Three groups that track the U.S. transportation sector – a bellwether for the U.S. economy – suggest uneven patterns will continue and the “wobbly nature” of recent economic trends will become “more pronounced.”
The American Trucking Associations’ Truck Tonnage Index rose just 0.1% in June after a 2.1% rise in May. Year-to-date, the index is up 4.7% compared to the same period in 2012.
The not-seasonally adjusted index, which represents the real change in tonnage hauled by the fleets, equaled 125.9 in June, which was 5% below the previous month.
“The fact that tonnage didn’t fall back after the 2.1% surge in May is quite remarkable,” ATA Chief Economist Bob Costello said in a statement. “While housing starts were down in June, tonnage was buoyed by other areas like auto production which was very strong in June and durable-goods output, which increased 0.5% during the month according to the Federal Reserve. … The trend this year is heavy freight, like autos and energy production, is growing faster than lighter freight, which is pushing truck tonnage up.”
Trucking serves as a barometer of the U.S. economy, representing 67% of tonnage carried by all modes of domestic freight transportation, including manufactured and retail goods, according to the ATA. Trucks hauled 9.2 billion tons of freight in 2011. Motor carriers collected $603.9 billion, or 80.9% of total revenue earned by all transport modes.
‘UP AND DOWN TRACK’
The Cass Freight Index for June was up 0.9% compared to May, but down 1.5% compared to June 2012.
“The transportation sector continues to follow the up and down track it’s been on for the last two and half years. The economy in general has exhibited more favorable trends in the last month, which should boost activity for the transportation industry over the next several months,” explained Rosalyn Wilson, a supply chain expert and senior business analyst with Vienna, Va.-based Delcan Corp., who provides economic analysis for the Cass Freight Index.
Cass uses data from $22 billion in annual freight transactions processed by its information processing division to create the Index. The data comes from a Cass client base of 350 large shippers.
Wilson said domestic and global economic reports indicate that consistent economic growth patterns are unlikely.
“Despite the fact that the economy, both domestically and globally, shows no real signs of change other than more of the up and down movements we’ve been watching for close to three years, the transportation sector should experience some noticeable trends. These trends will probably be of the wobbly nature we have become accustomed to, but more pronounced,” Wilson wrote.

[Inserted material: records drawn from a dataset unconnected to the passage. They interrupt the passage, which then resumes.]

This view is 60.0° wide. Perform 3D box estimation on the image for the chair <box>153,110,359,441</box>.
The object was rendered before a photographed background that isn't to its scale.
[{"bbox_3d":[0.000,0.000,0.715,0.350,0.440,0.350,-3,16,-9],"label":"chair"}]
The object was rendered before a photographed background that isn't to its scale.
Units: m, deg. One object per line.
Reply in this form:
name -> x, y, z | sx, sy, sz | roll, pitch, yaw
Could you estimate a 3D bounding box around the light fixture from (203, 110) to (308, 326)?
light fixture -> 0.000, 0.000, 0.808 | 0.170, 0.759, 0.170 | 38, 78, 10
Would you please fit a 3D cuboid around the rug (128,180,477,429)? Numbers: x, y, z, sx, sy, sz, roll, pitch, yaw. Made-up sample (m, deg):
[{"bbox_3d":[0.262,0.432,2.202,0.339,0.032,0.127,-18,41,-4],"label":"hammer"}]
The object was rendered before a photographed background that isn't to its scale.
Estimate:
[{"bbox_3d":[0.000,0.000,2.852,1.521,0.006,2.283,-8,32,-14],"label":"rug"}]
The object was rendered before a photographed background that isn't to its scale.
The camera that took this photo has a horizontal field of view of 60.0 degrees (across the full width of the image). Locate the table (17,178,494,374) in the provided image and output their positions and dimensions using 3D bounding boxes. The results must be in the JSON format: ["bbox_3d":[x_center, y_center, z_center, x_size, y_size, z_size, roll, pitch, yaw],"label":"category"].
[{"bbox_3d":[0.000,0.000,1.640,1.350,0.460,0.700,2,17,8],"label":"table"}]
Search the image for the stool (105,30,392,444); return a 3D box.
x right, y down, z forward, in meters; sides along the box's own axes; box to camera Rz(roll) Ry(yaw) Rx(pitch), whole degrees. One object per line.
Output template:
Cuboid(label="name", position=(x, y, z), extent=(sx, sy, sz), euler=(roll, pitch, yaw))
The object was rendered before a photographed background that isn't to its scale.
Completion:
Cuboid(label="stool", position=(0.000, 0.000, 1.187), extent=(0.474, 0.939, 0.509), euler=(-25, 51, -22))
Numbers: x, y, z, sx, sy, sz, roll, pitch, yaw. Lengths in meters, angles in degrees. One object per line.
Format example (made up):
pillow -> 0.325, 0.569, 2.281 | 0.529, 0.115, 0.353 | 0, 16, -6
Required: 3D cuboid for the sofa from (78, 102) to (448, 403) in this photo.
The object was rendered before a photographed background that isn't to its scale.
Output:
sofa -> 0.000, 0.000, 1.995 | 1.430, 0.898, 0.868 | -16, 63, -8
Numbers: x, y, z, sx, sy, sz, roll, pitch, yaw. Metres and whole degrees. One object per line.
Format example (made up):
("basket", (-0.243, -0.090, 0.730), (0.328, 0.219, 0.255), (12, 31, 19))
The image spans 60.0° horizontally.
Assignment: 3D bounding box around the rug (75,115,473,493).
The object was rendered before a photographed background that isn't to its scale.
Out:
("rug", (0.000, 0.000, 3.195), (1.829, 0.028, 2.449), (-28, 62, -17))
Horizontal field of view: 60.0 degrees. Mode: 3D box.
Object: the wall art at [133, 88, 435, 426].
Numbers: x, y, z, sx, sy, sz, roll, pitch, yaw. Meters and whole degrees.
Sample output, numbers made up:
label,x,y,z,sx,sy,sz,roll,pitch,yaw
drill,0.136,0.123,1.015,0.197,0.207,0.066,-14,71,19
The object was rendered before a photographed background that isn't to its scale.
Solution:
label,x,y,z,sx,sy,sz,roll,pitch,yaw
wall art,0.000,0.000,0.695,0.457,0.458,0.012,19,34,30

She also expects the new hours-of-service rules to impact the entire U.S. economy, “as virtually all products are moved on a truck at some point.” The new rules increase restrictions on how long and when drivers can operate a truck. Wilson said the new driver rules and a driver shortage are likely to increase shipping rates. Higher shipping rates often translate into higher shelf prices.
“Projections are that the driver shortage could climb to 100,000 by year end, pushing up wages and benefits to attract and retain drivers. Given that we are already at or close to a one hundred percent turnover rate for drivers, these labor costs could rise quickly as qualified drivers jump companies in search of better pay,” Wilson estimated. “Rail intermodal will serve as a pressure valve, absorbing more freight, but truck shortages will begin to manifest as we enter the traditional holiday shipping period, pushing up rates.”

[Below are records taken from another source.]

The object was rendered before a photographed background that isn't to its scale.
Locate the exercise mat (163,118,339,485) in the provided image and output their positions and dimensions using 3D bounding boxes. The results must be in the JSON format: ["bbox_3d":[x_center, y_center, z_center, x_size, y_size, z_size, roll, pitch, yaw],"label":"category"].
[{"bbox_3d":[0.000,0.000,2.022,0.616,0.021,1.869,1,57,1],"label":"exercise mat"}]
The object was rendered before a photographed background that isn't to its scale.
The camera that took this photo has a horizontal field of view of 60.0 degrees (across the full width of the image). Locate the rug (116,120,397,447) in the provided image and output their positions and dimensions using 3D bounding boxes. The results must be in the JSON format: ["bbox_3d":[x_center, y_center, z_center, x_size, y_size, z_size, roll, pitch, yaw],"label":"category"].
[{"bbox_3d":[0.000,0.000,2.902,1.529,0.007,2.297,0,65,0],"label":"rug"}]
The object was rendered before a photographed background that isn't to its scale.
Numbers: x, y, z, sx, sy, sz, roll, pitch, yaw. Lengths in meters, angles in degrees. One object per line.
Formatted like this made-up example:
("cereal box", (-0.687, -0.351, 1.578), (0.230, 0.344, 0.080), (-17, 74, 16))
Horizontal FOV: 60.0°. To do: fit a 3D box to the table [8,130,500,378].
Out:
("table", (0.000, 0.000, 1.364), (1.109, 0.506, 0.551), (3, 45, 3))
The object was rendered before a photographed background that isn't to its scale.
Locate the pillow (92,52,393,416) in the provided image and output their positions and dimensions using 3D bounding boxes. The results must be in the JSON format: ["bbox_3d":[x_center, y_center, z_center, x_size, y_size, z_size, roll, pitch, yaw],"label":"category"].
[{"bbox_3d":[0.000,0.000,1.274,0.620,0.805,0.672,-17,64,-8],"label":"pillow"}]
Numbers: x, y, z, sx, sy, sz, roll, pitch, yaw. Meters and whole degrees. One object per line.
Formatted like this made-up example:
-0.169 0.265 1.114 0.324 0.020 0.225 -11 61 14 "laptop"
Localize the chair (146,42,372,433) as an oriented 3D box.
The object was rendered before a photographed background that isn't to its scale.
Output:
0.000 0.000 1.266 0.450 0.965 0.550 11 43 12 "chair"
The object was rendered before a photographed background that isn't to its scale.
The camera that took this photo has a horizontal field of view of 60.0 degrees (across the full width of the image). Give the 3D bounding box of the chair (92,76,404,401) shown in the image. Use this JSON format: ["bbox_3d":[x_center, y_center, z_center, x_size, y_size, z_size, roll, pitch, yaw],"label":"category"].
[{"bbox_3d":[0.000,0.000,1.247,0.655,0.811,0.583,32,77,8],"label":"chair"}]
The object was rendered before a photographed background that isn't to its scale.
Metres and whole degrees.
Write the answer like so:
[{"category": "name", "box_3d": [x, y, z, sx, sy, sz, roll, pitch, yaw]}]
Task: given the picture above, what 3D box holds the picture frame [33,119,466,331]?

Brad Delco, a transportation industry analyst for Little Rock-based Stephens Inc., said freight volumes were lower than expected during the second quarter, with improvements seen in late June.
“Heading into 2Q’13 truckload earnings, we see little to write home about as the freight environment for the most part remained relatively balanced from a supply / demand perspective,” Delco wrote in a July 16 trucking industry earnings preview. “However, after a rough start, with April demand trends lagging year-ago levels, we did see modest sequential improvement in May with late June trends that accelerated to levels above prior-year levels.”

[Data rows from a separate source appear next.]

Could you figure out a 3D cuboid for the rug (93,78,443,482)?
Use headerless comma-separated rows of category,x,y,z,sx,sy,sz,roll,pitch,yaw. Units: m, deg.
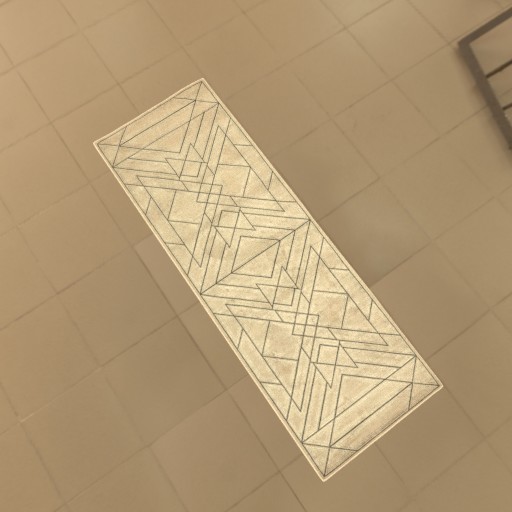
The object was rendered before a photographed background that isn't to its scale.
rug,0.000,0.000,2.595,0.831,0.036,2.381,-34,78,-8
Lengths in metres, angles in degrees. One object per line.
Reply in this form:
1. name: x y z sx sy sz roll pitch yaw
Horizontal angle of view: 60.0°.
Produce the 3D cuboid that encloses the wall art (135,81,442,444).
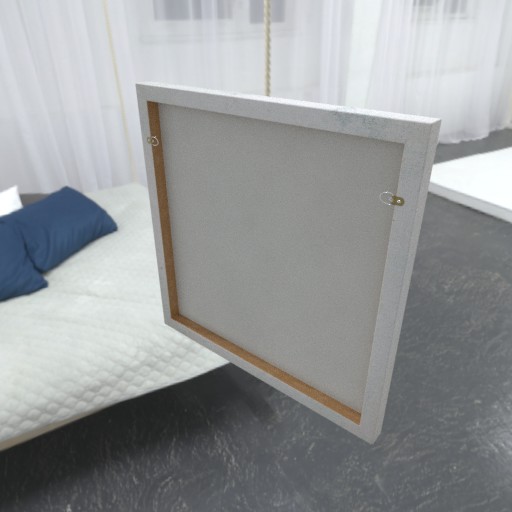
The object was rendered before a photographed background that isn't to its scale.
1. wall art: 0.000 0.000 0.896 0.612 0.612 0.040 21 35 34
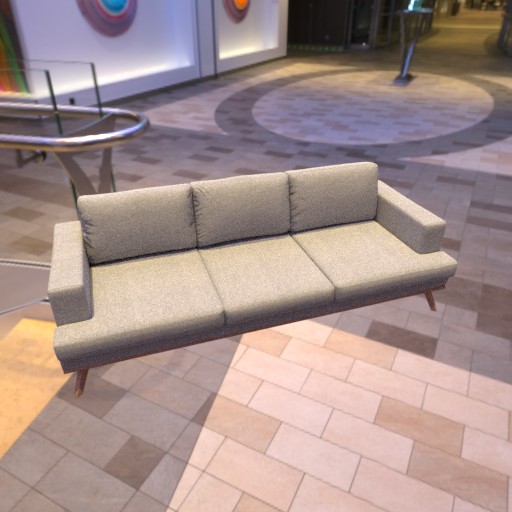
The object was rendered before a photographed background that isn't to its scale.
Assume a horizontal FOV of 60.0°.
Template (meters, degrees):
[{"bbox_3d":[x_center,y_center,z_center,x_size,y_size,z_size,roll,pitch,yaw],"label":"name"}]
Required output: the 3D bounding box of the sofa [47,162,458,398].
[{"bbox_3d":[0.000,0.000,2.732,2.310,0.810,0.920,-10,32,-16],"label":"sofa"}]

INDUSTRY CHALLENGES CONTINUE
Delco also thinks the truckload sector “remains challenged” with driver shortages, difficulty in raising shipping rates and the hours-of-service rule changes.
In the note, also authored by associate analyst Ben Hearnsberger, Delco made the following observations.
• Freight volumes were mostly lower than expected in the quarter though we have heard that the last two weeks of June were significantly better.”
• Difficult weather conditions were likely the culprit early in the quarter, but improving weather led to tightening capacity later in the quarter as seasonal freight picked up (home and garden, beverage and produce).
• Our private checks have indicated that the last couple of weeks in June were significantly better on a year-over-year basis with strength evenly spread out across the country, except for the Pacific Northwest.
• All things combined, we believe shipment volumes were incrementally lower in 2Q than expected which should negatively impact utilization.